I am interested in understanding the graph plots we get after running lm()
command (for linear regression) in R like, for example
lm.mod1 = lm(y ~ x1 + x2)
I then get the do the summary by:
summary(lm.mod1)
I get the result as:
Residuals:
Min 1Q Median 3Q Max
-750.32 -160.54 -49.83 115.83 2923.74
Coefficients:
Estimate Std. Error t value Pr(>|t|)
(Intercept) -345.1552 37.0393 -9.319 <2e-16 ***
x1 52.9091 2.4929 21.224 <2e-16 ***
x2 8.9669 0.5395 16.620 <2e-16 ***
Residual standard error: 274.4 on 1985 degrees of freedom
Multiple R-squared: 0.2059, Adjusted R-squared: 0.2051
F-statistic: 257.3 on 2 and 1985 DF, p-value: < 2.2e-16
I then do the plotting by
par(mfrow = c(2,2))
plot(lm.mod1)
I get 4 graphs (I can't post the graphs since I am a new user and my experience level is below 10. :/)
My questions are :
How do they calculate F-statistics and t-value?

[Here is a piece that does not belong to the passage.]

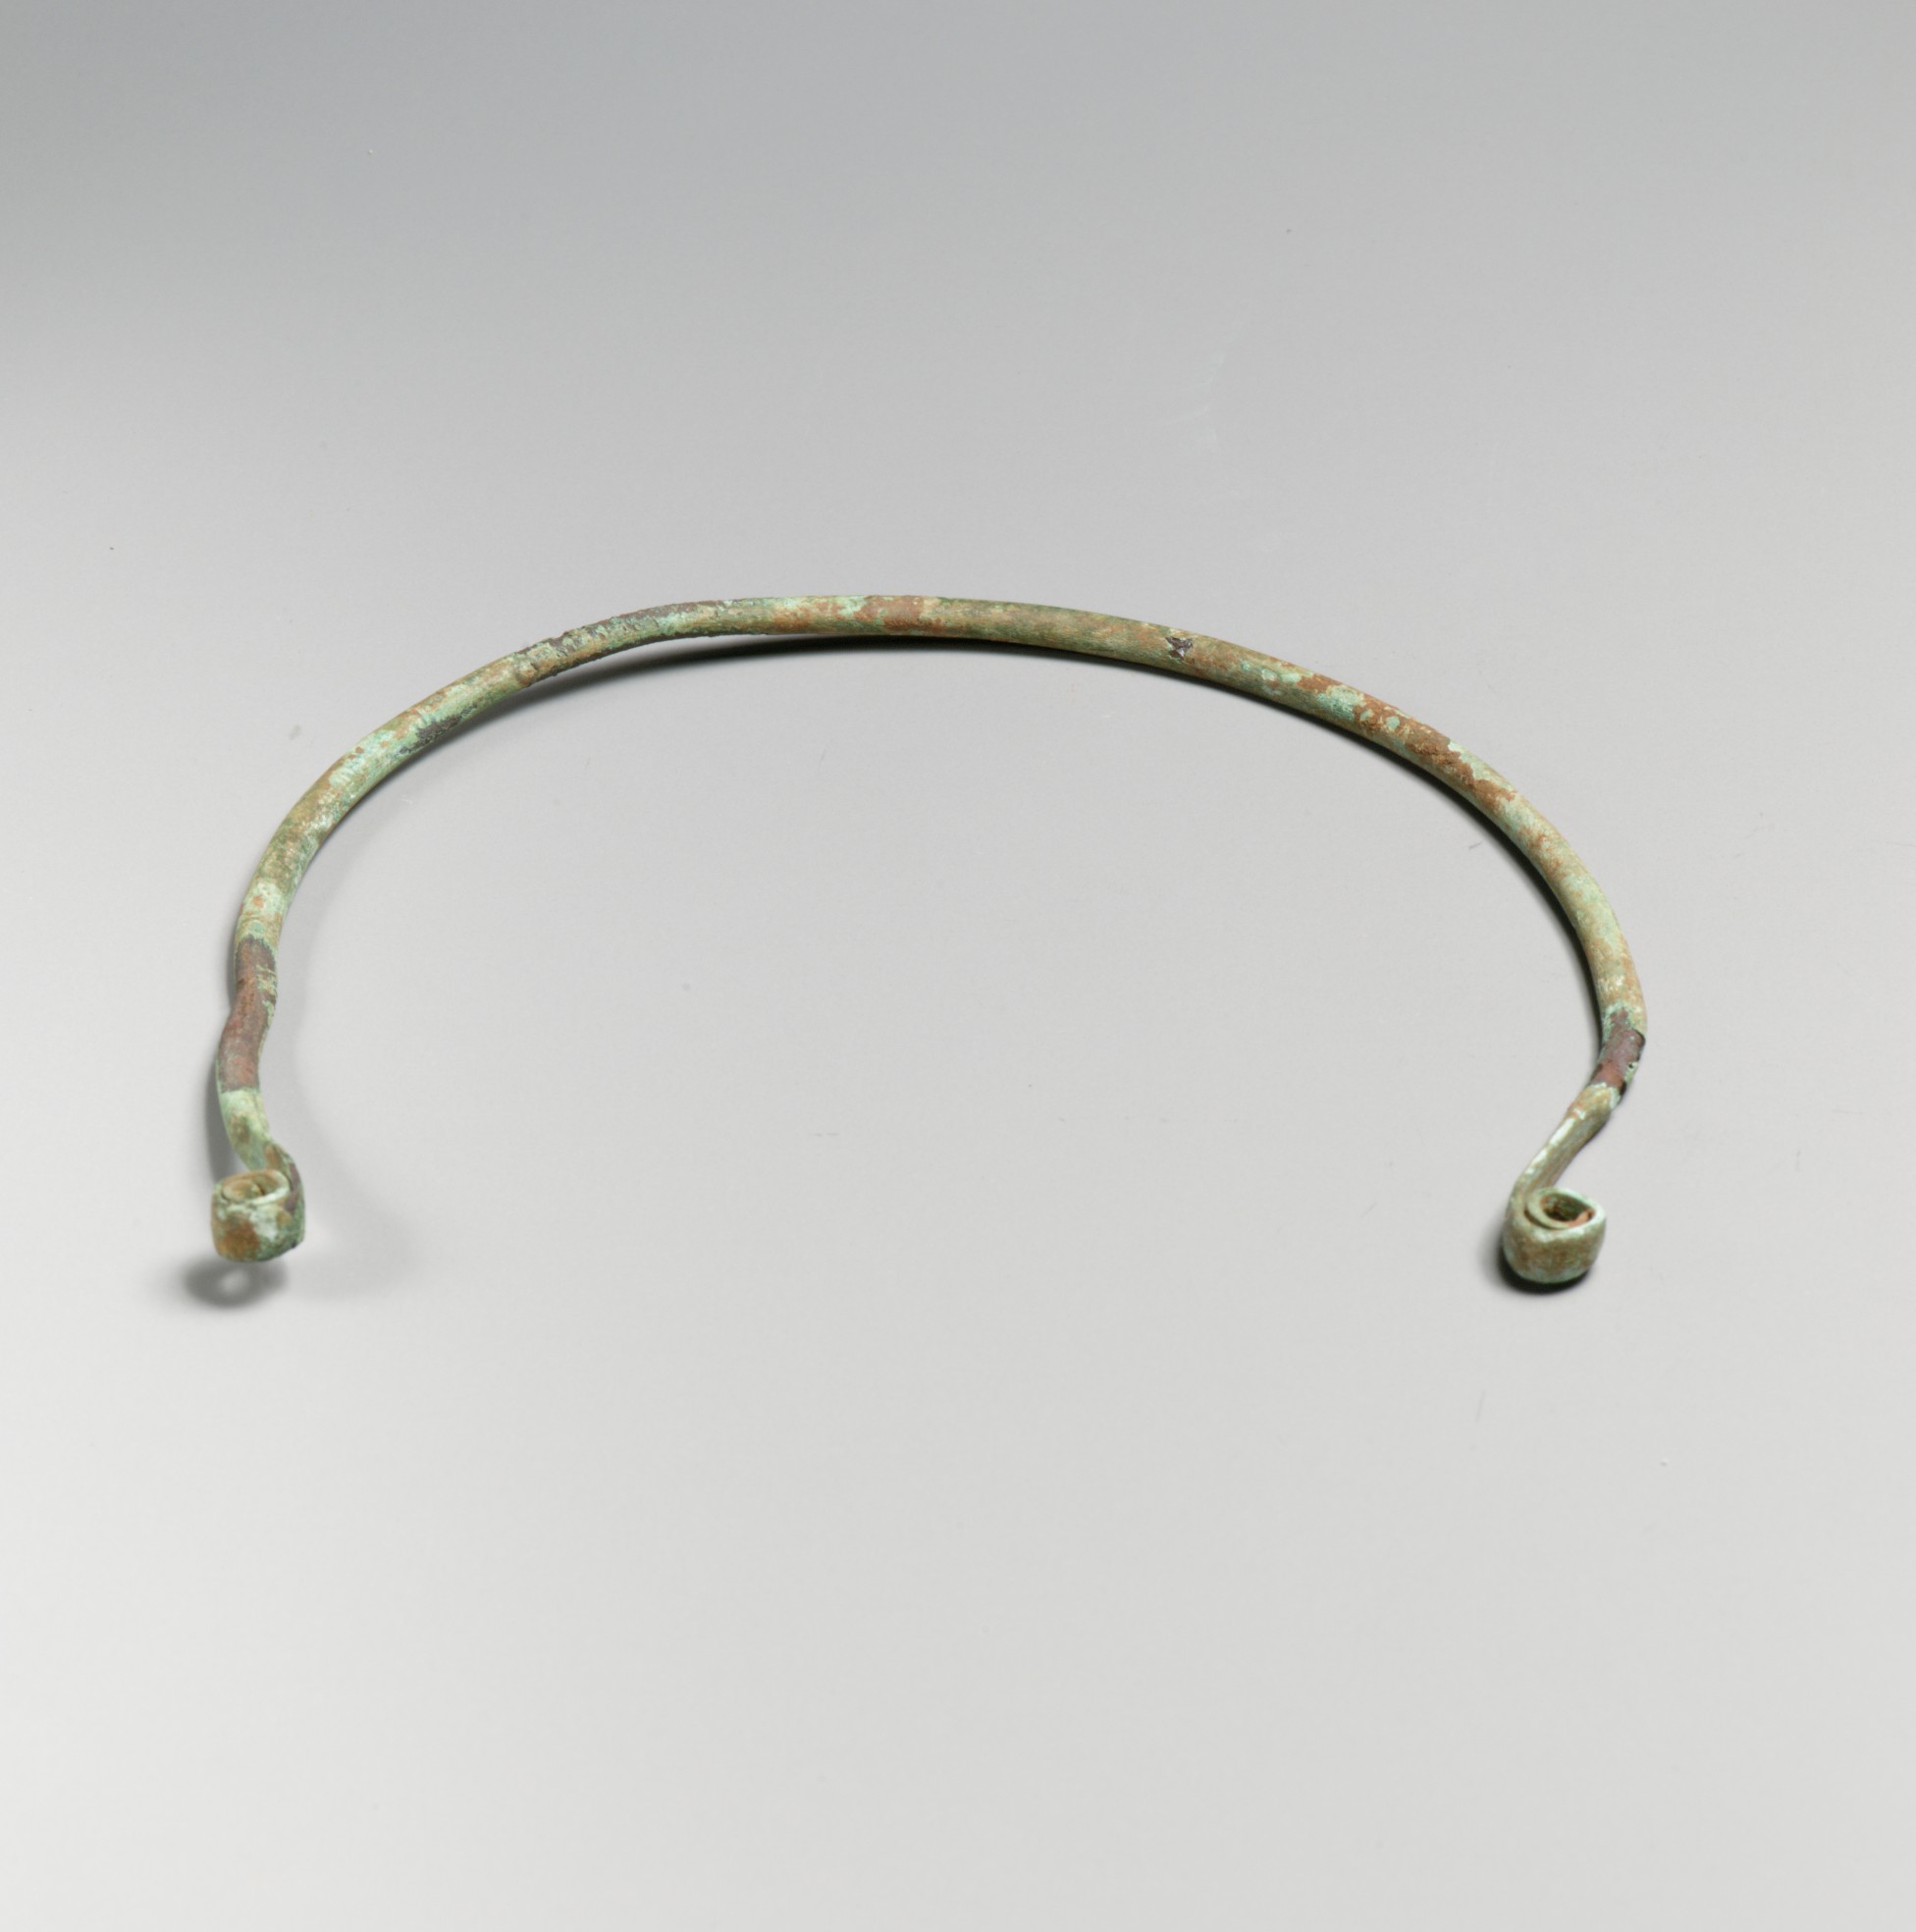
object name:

Could someone explain me the what do we interpret with the last two graphs i.e. $\text{Scale-Location vs. (Standardized residuals)}^{1/2}$ and $\text{Residuals vs. Leverage}$. What do you mean by Leverage?
What do you mean by Cook's Distance? I saw it on wikipedia but I didnt get it.
How could we suggest if our model is a good model or not?